:: GOAL OF THE EXERCISE ::
Please restate the records that follow exactly, skipping their images.

• • •

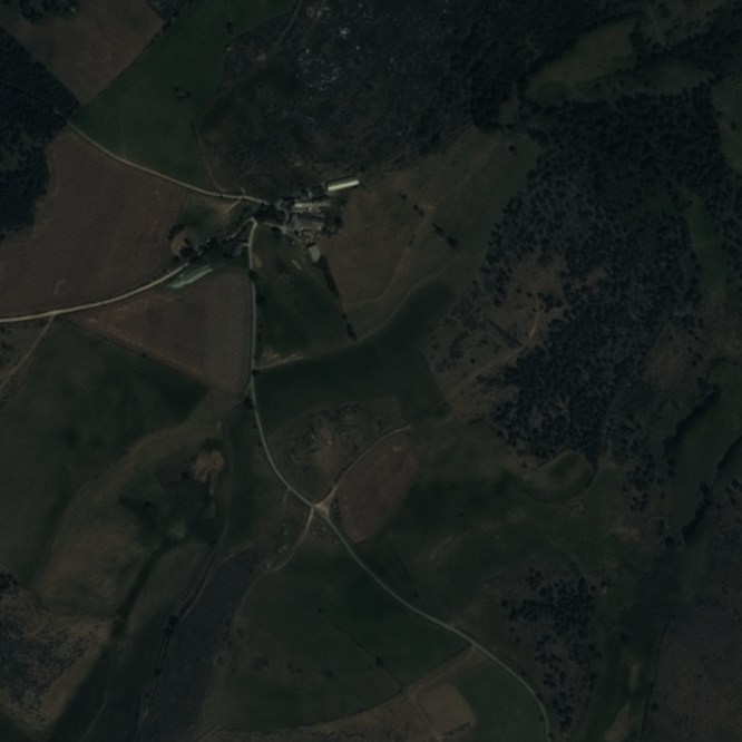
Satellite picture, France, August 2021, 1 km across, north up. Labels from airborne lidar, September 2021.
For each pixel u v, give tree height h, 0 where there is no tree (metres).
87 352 0
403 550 0
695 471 0
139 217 0
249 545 0
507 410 13
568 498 0
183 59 0
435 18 0
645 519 0
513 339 0
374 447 0
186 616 0
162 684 0
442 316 0
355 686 0
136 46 0
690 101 10
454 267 0
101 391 0
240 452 0
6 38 16
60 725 0
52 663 0
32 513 0
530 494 0
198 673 0
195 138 0
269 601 0
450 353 0
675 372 0
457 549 0
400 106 0
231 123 0
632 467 0
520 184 0
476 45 8
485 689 0
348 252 0
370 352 0
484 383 0
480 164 0
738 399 0
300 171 0
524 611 12
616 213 13
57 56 0
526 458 0
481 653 0
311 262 0
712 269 0
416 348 0
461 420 0
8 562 0
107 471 0
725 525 0
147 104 0
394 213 0
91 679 0
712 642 0
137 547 0
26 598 0
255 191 0
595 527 0
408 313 0
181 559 0
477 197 0
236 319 0
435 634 0
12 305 0
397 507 0
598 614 0
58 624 0
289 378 0
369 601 0
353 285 0
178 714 0
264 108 0
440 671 0
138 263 0
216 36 0
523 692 0
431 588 0
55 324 0
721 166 12
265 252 0
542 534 0
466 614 0
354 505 0
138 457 0
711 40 18
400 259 0
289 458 0
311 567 0
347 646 0
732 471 0
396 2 0
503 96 6
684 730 0
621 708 0
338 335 0
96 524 0
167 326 0
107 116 0
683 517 0
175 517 0
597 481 0
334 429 0
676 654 0
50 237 0
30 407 0
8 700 0
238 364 0
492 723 0
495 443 0
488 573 0
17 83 15
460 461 0
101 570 0
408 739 0
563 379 9
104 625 0
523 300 0
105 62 0
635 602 0
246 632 0
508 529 0
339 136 0
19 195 14
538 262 0
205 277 0
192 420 0
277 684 0
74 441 0
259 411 0
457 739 0
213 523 0
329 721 0
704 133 10
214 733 0
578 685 0
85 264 0
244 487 0
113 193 0
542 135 15
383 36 0
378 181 0
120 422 0
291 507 0
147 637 0
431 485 0
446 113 7
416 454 0
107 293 0
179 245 0
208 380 0
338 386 0
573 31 13
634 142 12
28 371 0
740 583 0
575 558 0
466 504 0
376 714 0
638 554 0
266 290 0
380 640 0
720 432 0
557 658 8
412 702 0
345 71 0
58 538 0
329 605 0
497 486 0
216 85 0
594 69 0
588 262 11
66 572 0
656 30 0
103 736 0
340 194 0
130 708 0
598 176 14
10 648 0
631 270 7
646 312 11
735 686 0
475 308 0
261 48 0
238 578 0
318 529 0
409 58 0
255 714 0
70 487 0
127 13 0
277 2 0
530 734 0
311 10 0
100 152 0
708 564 0
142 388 0
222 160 0
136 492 0
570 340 14
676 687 0
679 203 17
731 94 0
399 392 0
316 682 0
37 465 0
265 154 0
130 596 0
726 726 0
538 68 15
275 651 0
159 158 0
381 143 0
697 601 0
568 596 11
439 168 0
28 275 0
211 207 0
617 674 0
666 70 0
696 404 0
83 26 0
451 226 0
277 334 0
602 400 9
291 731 0
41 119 15
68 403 0
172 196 0
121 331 0

• • •

:: OUTPUT FOR THIS TASK ::
Satellite picture, France, August 2021, 1 km across, north up. Labels from airborne lidar, September 2021.
For each pixel u v, give tree height h, 0 where there is no tree (metres).
87 352 0
403 550 0
695 471 0
139 217 0
249 545 0
507 410 13
568 498 0
183 59 0
435 18 0
645 519 0
513 339 0
374 447 0
186 616 0
162 684 0
442 316 0
355 686 0
136 46 0
690 101 10
454 267 0
101 391 0
240 452 0
6 38 16
60 725 0
52 663 0
32 513 0
530 494 0
198 673 0
195 138 0
269 601 0
450 353 0
675 372 0
457 549 0
400 106 0
231 123 0
632 467 0
520 184 0
476 45 8
485 689 0
348 252 0
370 352 0
484 383 0
480 164 0
738 399 0
300 171 0
524 611 12
616 213 13
57 56 0
526 458 0
481 653 0
311 262 0
712 269 0
416 348 0
461 420 0
8 562 0
107 471 0
725 525 0
147 104 0
394 213 0
91 679 0
712 642 0
137 547 0
26 598 0
255 191 0
595 527 0
408 313 0
181 559 0
477 197 0
236 319 0
435 634 0
12 305 0
397 507 0
598 614 0
58 624 0
289 378 0
369 601 0
353 285 0
178 714 0
264 108 0
440 671 0
138 263 0
216 36 0
523 692 0
431 588 0
55 324 0
721 166 12
265 252 0
542 534 0
466 614 0
354 505 0
138 457 0
711 40 18
400 259 0
289 458 0
311 567 0
347 646 0
732 471 0
396 2 0
503 96 6
684 730 0
621 708 0
338 335 0
96 524 0
167 326 0
107 116 0
683 517 0
175 517 0
597 481 0
334 429 0
676 654 0
50 237 0
30 407 0
8 700 0
238 364 0
492 723 0
495 443 0
488 573 0
17 83 15
460 461 0
101 570 0
408 739 0
563 379 9
104 625 0
523 300 0
105 62 0
635 602 0
246 632 0
508 529 0
339 136 0
19 195 14
538 262 0
205 277 0
192 420 0
277 684 0
74 441 0
259 411 0
457 739 0
213 523 0
329 721 0
704 133 10
214 733 0
578 685 0
85 264 0
244 487 0
113 193 0
542 135 15
383 36 0
378 181 0
120 422 0
291 507 0
147 637 0
431 485 0
446 113 7
416 454 0
107 293 0
179 245 0
208 380 0
338 386 0
573 31 13
634 142 12
28 371 0
740 583 0
575 558 0
466 504 0
376 714 0
638 554 0
266 290 0
380 640 0
720 432 0
557 658 8
412 702 0
345 71 0
58 538 0
329 605 0
497 486 0
216 85 0
594 69 0
588 262 11
66 572 0
656 30 0
103 736 0
340 194 0
130 708 0
598 176 14
10 648 0
631 270 7
646 312 11
735 686 0
475 308 0
261 48 0
238 578 0
318 529 0
409 58 0
255 714 0
70 487 0
127 13 0
277 2 0
530 734 0
311 10 0
100 152 0
708 564 0
142 388 0
222 160 0
136 492 0
570 340 14
676 687 0
679 203 17
731 94 0
399 392 0
316 682 0
37 465 0
265 154 0
130 596 0
726 726 0
538 68 15
275 651 0
159 158 0
381 143 0
697 601 0
568 596 11
439 168 0
28 275 0
211 207 0
617 674 0
666 70 0
696 404 0
83 26 0
451 226 0
277 334 0
602 400 9
291 731 0
41 119 15
68 403 0
172 196 0
121 331 0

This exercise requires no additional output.